Pour le ministre du Culte, la femme est signe de souillure, d'immondice, d'infamie et d'impureté. Lui faire porter le niqab et la tenir loin des lieux sacrés serait donc une entreprise de salubrité publique. Vive l'hygiène islamiste!
Par Karim Ben Slimane*
Il y a un proverbe chinois qui dit: quand l'homme montre la lune, l'idiot regarde le doigt. Les Tunisiennes et les Tunisiens ont répondu en nombre à l'appel de la rue pour offrir au défunt Chokri Belaïd, assassiné lâchement pour ses idées, des funérailles dignes de son sacrifice et de son combat pour la liberté d'expression.

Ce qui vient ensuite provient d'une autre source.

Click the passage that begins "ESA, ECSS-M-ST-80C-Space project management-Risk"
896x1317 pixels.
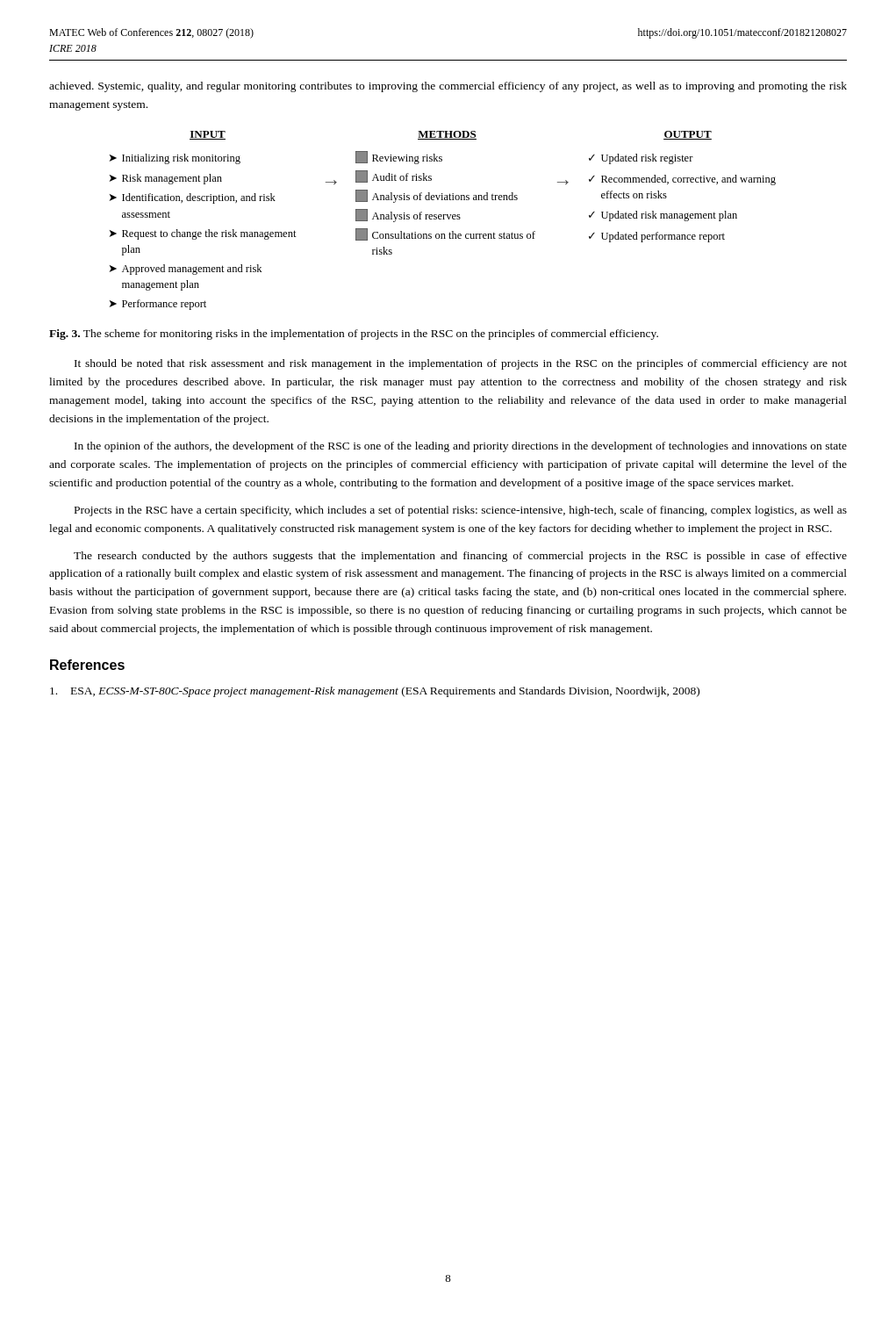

Les Tunisiens et la Tunisie sont redevables pour celui qui dans sa mort a fait taire les dissensions, gommé les différences et a uni les esprits et les cœurs. Jeunes et mûrs, pauvres et riches, hommes et femmes ont répondu à l'appel de la patrie, au cri assourdissant du cœur souffrant de ses camarades et de sa famille. Pour ceux-là la Patrie sera à jamais reconnaissante de l'avoir célébrée et honorée. Les funérailles offertes à Chokri Belaïd ont été un hymne à l'amour, à l'espoir et à la Patrie.
Mais qu'entendis-je? De loin, des tréfonds de la sottise humaine, une voix caverneuse vient rompre la paix de l'âme qui a uni les Tunisiens les réveillant de leur recueillement et les plongeant de nouveau dans la triste réalité qui est devenue la leur. Celui qui préside aux destinées du ministère des Affaires religieuses d'habitude aveugle aux incartades de ses maitres bienfaiteurs, obséquieux jusqu'à l'effacement devant leur mépris et arrogance et sourd devant les doléances des croyants martyrisés par les nouveaux prédicateurs a parlé. Monsieur le ministre sans ministère se plaint que des femmes aient assisté aux funérailles de Chokri Belaïd en l'occurrence sa veuve et sa fille ainsi que nombre de femmes tunisiennes libres. C'est contre le rite musulman des funérailles et une profanation de la sacralité des cimetières que des femmes assistent à l'ensevelissement du mort, renchérit-il.
Les funérailles de Chokri Belaid ont été marquées par une présence remarquable au cimetière d'Al Jallez des femmes venues pleurer la mort d un opposant pas comme les autres.
Mais monsieur le ministre sans ministère, il ne s'agissait pas de funérailles mais de noces d'un martyr pour qui la Tunisie sera à jamais redevable de l'avoir secoué à temps alors que vous cherchez à l'engourdir.
Sans doute que notre ministre préfère-t-il voir nos femmes devant le fourneau ou encore les jambes écartées devant leurs frères salafistes qui sous un air de flute les culbutent. Monsieur le ministre a donc raison la femme est signe de souillure, d'immondice, d'infamie et d'impureté. Lui faire porter le niqab et la tenir loin des lieux sacrés serait donc une entreprise de salubrité publique. Vive l'hygiène islamiste!
*Spectateur rigolard de la vie politique tunisienne.